* How to complete this task
Each line of the entries below that holds "pitch" is needed, copied in full.
--- Input records Enclosed Below ---
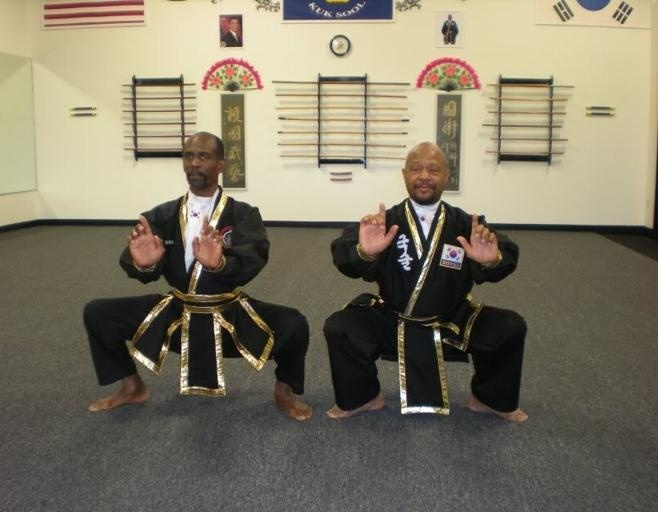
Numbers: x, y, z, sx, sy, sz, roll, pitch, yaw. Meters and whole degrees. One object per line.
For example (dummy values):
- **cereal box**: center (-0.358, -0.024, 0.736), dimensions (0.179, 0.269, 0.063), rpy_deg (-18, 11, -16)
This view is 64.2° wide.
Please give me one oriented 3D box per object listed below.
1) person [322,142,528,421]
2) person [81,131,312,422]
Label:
- **person**: center (0.444, 0.120, 2.446), dimensions (0.831, 1.280, 0.702), rpy_deg (1, 4, 9)
- **person**: center (-0.617, 0.087, 2.409), dimensions (0.960, 1.339, 0.702), rpy_deg (1, 2, 1)
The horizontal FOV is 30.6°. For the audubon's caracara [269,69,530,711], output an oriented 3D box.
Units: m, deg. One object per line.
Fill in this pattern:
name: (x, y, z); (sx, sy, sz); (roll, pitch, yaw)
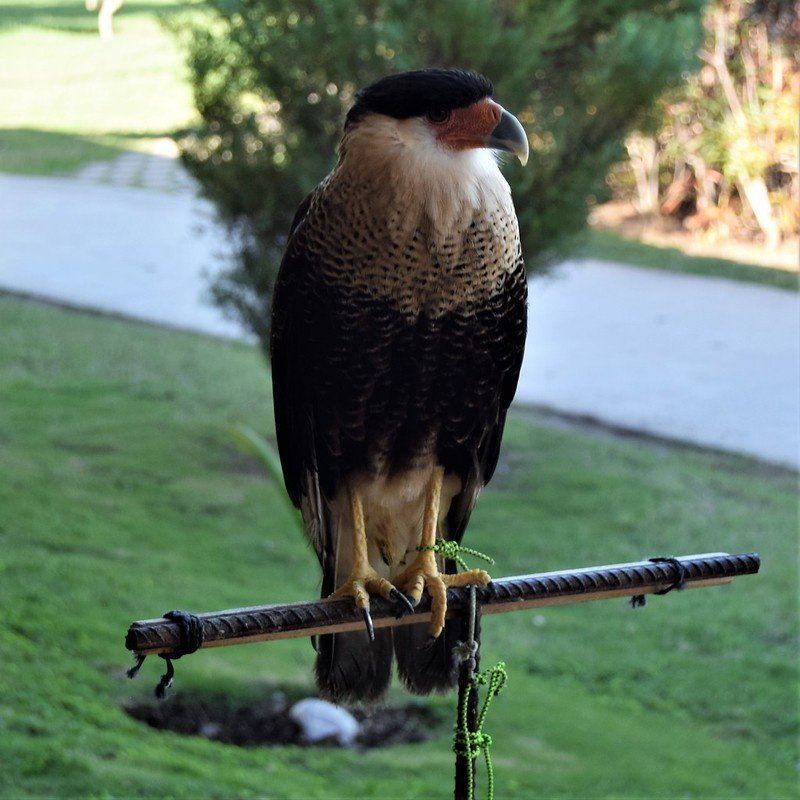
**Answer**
audubon's caracara: (0.012, -0.121, 3.029); (0.392, 1.115, 0.430); (19, 17, 40)
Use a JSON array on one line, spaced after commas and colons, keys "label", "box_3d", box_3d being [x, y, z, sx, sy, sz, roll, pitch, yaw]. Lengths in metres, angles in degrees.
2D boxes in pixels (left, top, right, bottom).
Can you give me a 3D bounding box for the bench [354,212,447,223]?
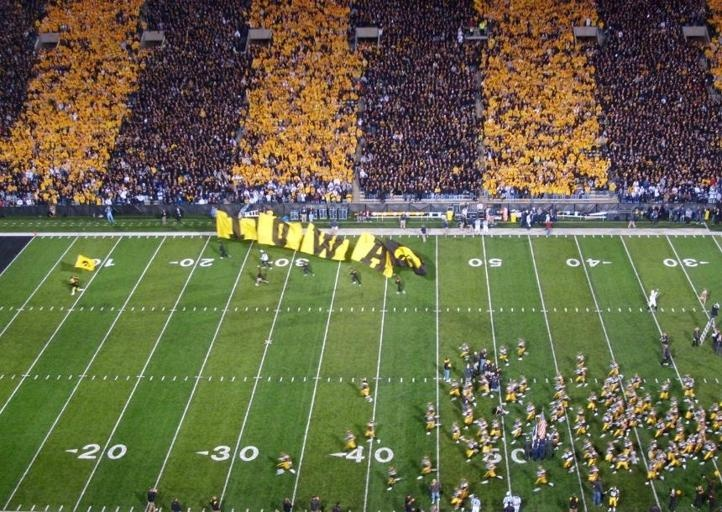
[{"label": "bench", "box_3d": [2.518, -2.207, 44.727, 4.027, 0.460, 0.663, 1, 80, 0]}]
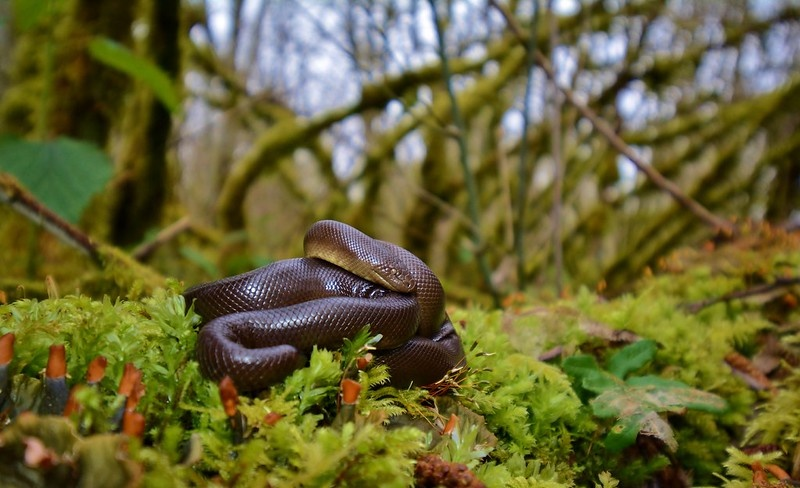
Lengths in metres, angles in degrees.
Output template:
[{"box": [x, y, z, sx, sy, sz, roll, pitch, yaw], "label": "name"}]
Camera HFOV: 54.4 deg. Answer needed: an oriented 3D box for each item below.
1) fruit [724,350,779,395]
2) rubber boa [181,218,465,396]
[{"box": [2.356, 0.864, 5.243, 0.279, 0.183, 0.221, -1, 22, -10], "label": "fruit"}, {"box": [-0.445, 0.381, 4.809, 1.211, 0.497, 0.972, -2, 31, -13], "label": "rubber boa"}]
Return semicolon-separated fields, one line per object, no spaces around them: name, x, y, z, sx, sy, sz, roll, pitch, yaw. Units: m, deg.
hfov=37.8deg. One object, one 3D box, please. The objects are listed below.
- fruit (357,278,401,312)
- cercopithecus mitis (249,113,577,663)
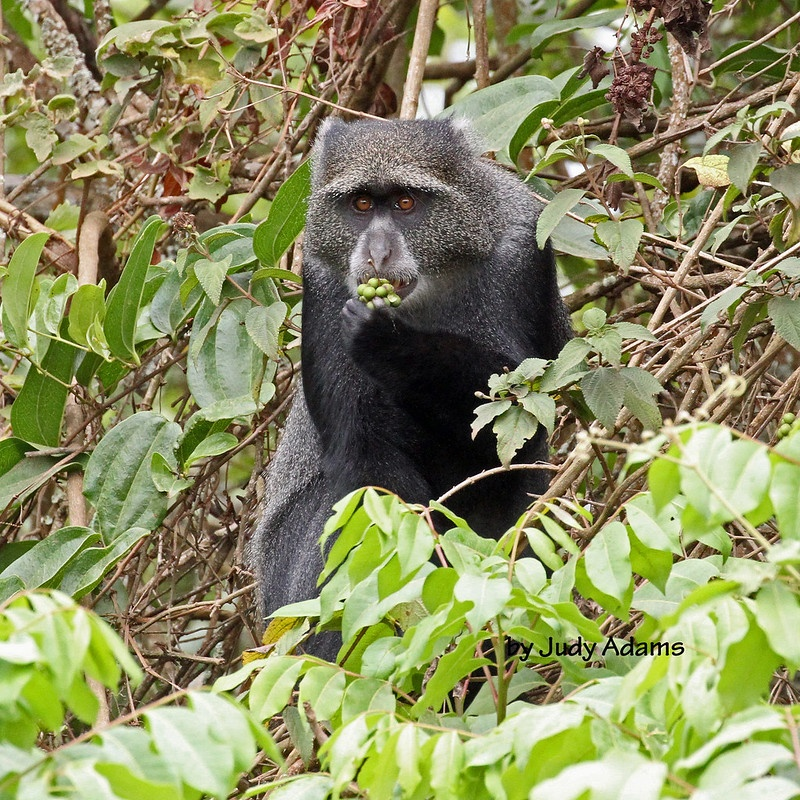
fruit;-0.074;-0.355;3.844;0.113;0.141;0.070;17;79;6
cercopithecus mitis;0.038;-0.089;4.726;1.645;1.941;1.058;2;11;3
--- End of Enclosed Input records ---
* Problem solution
Numbers: x, y, z, sx, sy, sz, roll, pitch, yaw. Meters and whole degrees. One object per line.
name: (x, y, z); (sx, sy, sz); (roll, pitch, yaw)
Use a JSON array on one line, spaced after commas and colons, keys "label", "box_3d", box_3d being [x, y, z, sx, sy, sz, roll, pitch, yaw]. Lengths in metres, angles in degrees.
[{"box": [x, y, z, sx, sy, sz, roll, pitch, yaw], "label": "name"}]
Return semicolon-separated fields, one line per object, no spaces around them: name, x, y, z, sx, sy, sz, roll, pitch, yaw. Units: m, deg.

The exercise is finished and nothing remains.